Las Vegas Sun

March 18, 2024

letter to the editor:

Hunting, trapping to manage wildlife

The litany of attacks on trappers and hunters by animal rights activists lately are usually based on the claim that trapping and hunting are inhumane. One needs to ask the question: compared to what? Compared to the standards of Walt Disney productions where Bambi and his deer family think and talk things over and where Lion Kings rule? Perhaps so, but in the real world of nature and wildlife, it is a different story.

Every wild animal will die someday. If animal rights activists think wild animals die comfortably in their beds surrounded by loving family members, they are sadly mistaken. Disease, starvation, dehydration and predation are the most probable causes, and in the absence of management tools like hunting and trapping, entire wildlife populations suffer horribly.

That is the reason the entire wildlife management profession and every conservation association support regulated hunting and trapping.
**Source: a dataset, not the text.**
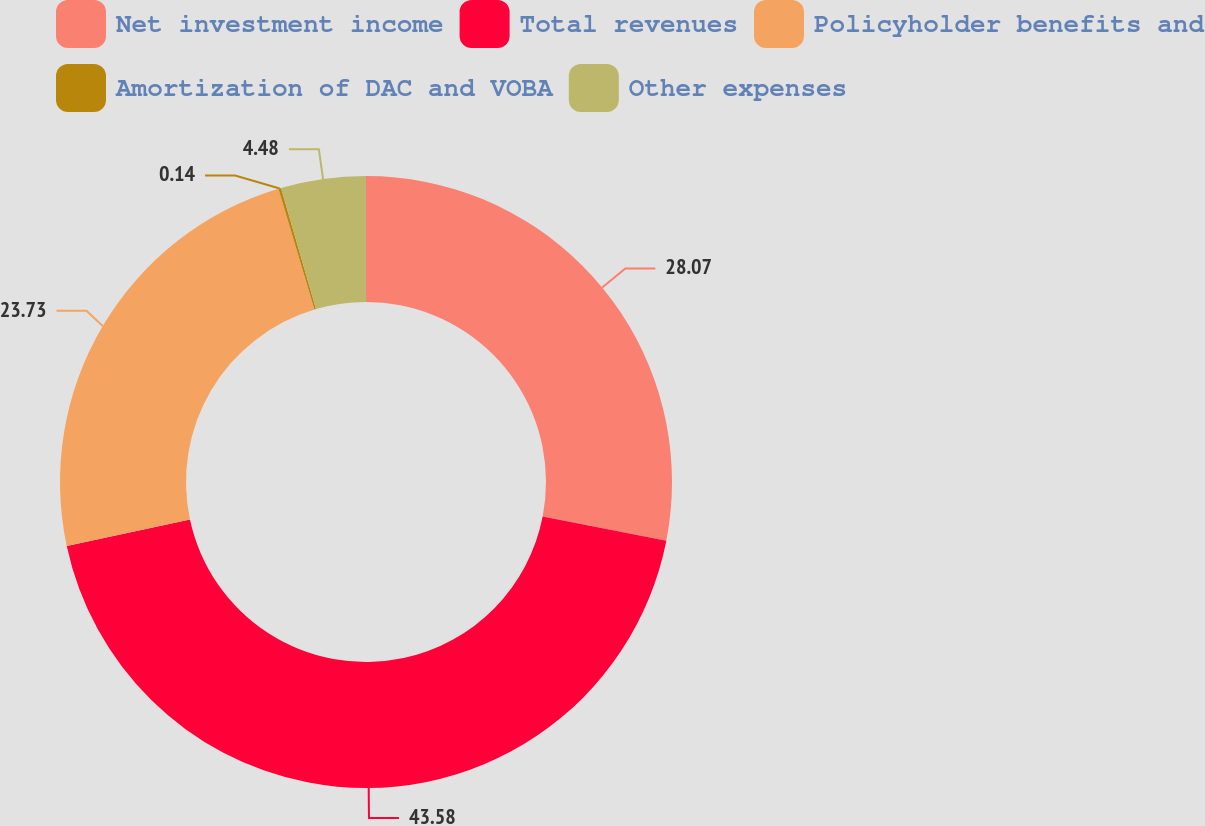Convert chart. <chart><loc_0><loc_0><loc_500><loc_500><pie_chart><fcel>Net investment income<fcel>Total revenues<fcel>Policyholder benefits and<fcel>Amortization of DAC and VOBA<fcel>Other expenses<nl><fcel>28.07%<fcel>43.58%<fcel>23.73%<fcel>0.14%<fcel>4.48%<nl></chart>

Professionals know that regulated hunting and trapping are far more humane than letting nature run its course unimpeded. The animal rights activists beg to differ, but how is it more humane to allow (or mandate) that wild animals must die by disease, starvation or predation, or, much worse, allow (or mandate) entire populations to suffer this way when there is a much better way?

Drought, fires, disease and the fluctuations of wildlife populations have to be managed carefully in order to have any chance for a healthy and sustainable environment.

Since 1937, it’s been proved that regulated hunting and trapping programs are the essential tools of modern wildlife management.

The writer is president of the Southern Nevada Coalition for Wildlife.